It must be going around (all the rain in northern CA?) - I too
discovered just this weekend a few historical creations of mine with
mildew on them, any suggestions?

          Loren Dearborn
          ldearborn@calacademy.org

------------------------------
Date: Mon, 27 Mar 1995 11:00:17 -0800
From: Alison Kondo <kondoa@ucs.orst.edu>
Subject: bra's & corsets

 I saw the programme on women's history also...liked the fashion &
cosmetic segments.  I thought they were a bit narrow, though in
attributing some of the more "masculine" dress styles to Amelia
Earheart.  Greta Garbo was famous for wearing elegant tailored pants at
about the same time. I think the rise of pants for women was due to
several fashion leaders rather than just one.

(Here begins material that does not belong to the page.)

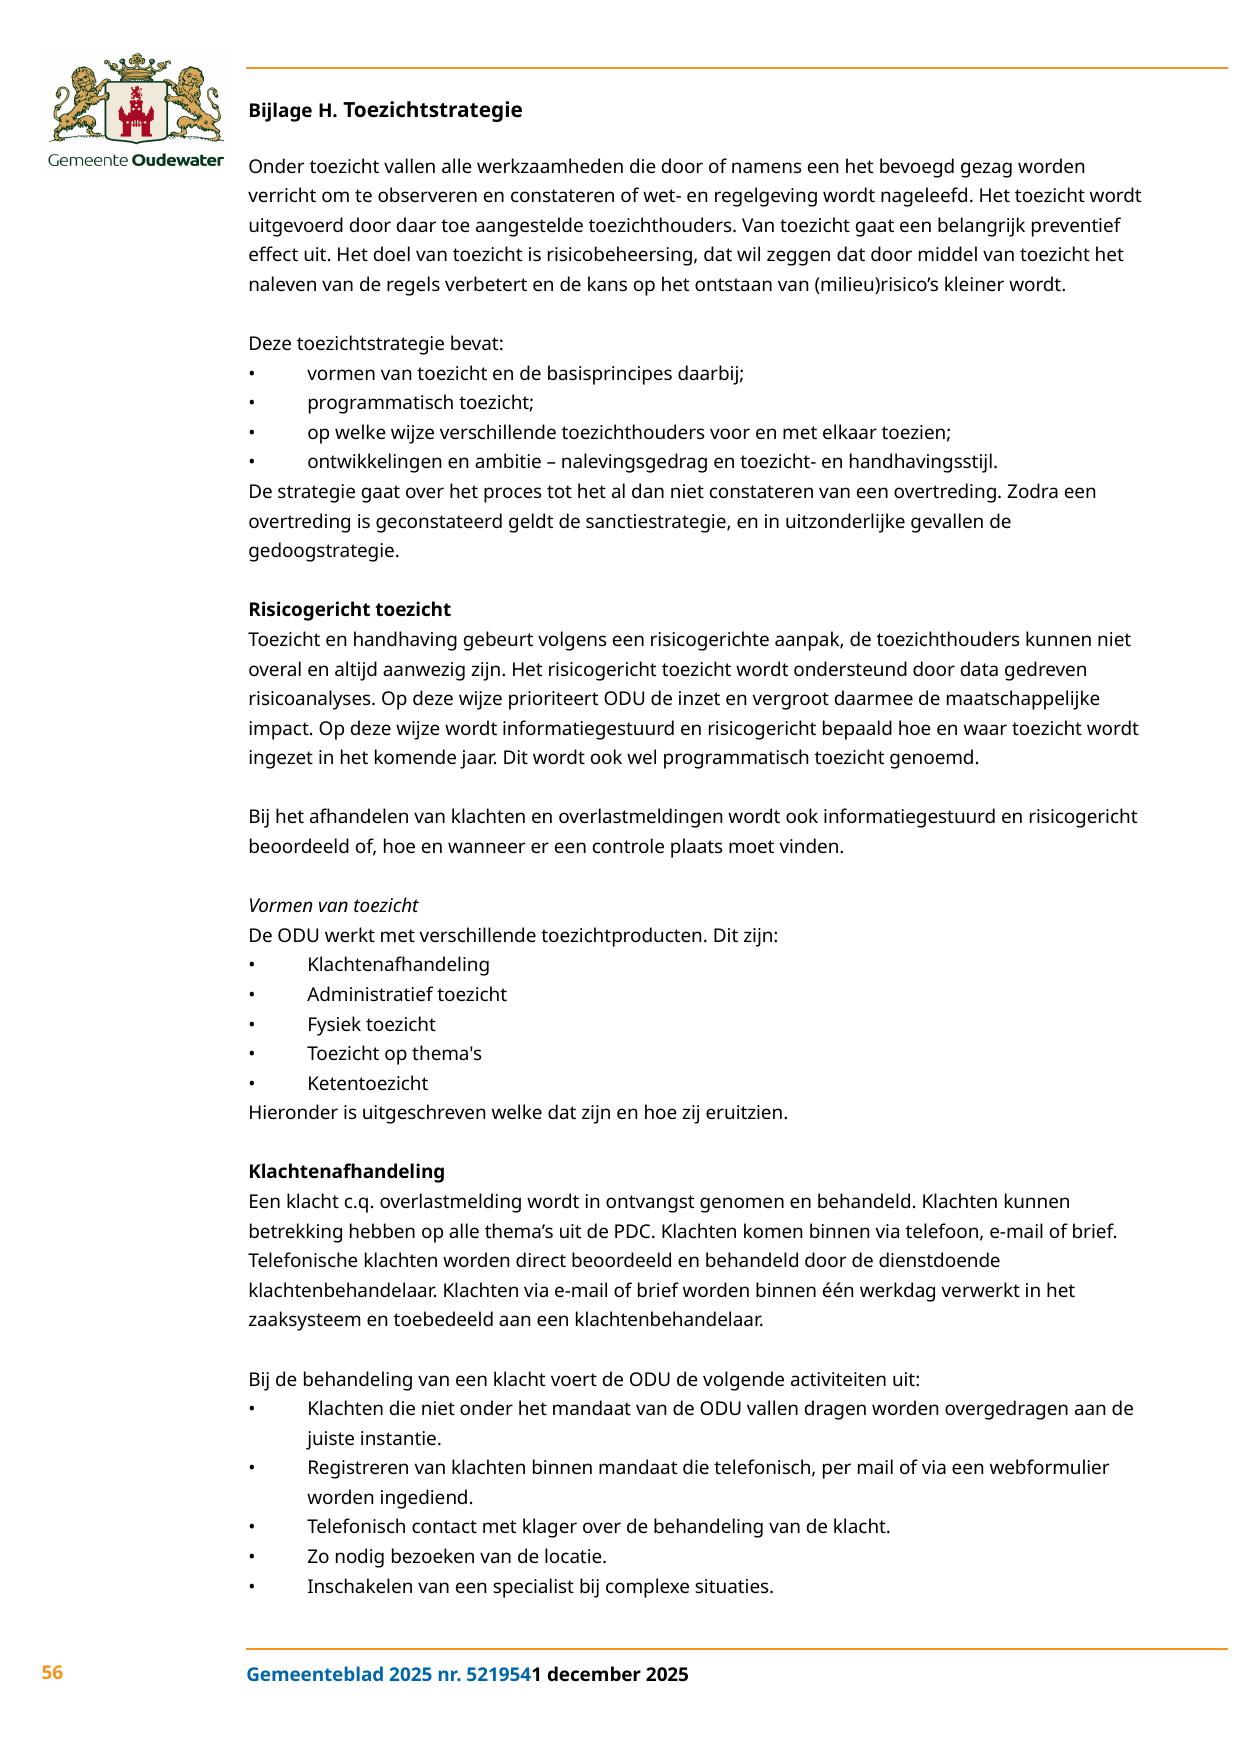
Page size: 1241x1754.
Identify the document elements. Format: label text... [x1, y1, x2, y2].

 About WW1 & clothing..American womens dress styles changed radically
between 1917 & 1918, from looking in "Vogue magaziens of the period. 
THe 1917 skirts were fairly full, the 1918 ones were very narrow because
wool was rationed that year to make uniforms instead.  THe hemline also
dropped because leather was rationed alos & women couldn't have high
topped boots anymore.

 Alison

------------------------------
Date: Mon, 27 Mar 95 13:52:43 EST
From: <drickman@state.de.us> (David W. Rickman)
Subject: re: Re: Renaissance Faire Costume

Hello, 

Regarding Deborah's inquiry into sources of information for Elizabethan
costume, I know it is just for a Renaissance Faire, but I am often
surprised when we who know better don't recommend some of the standards.
 As background, why not Millia Davenport's unsurpassed _The Book of
Costume_, Nora Waugh's _The Cut of Women's Clothes_ and _The Cut of
Men's Clothes_, Cunnington and Cunnington's _Handbook of English Costume
in the 17th Century_ and the wonderful _Patterns of
Fashion...c1560-1620_ by Janet Arnold?  For experienced costume makers,
both Waugh and Arnold's books are excellent. More theatrically oriented,
but valuable, is Hill and Bucknell's _The 
Evolution of Fashion_.  All of these should be presented as sources to
anyone who wishes (and Deborah might not) to get serious about the
costume he or she makes for the _next_ Renaissance Fair.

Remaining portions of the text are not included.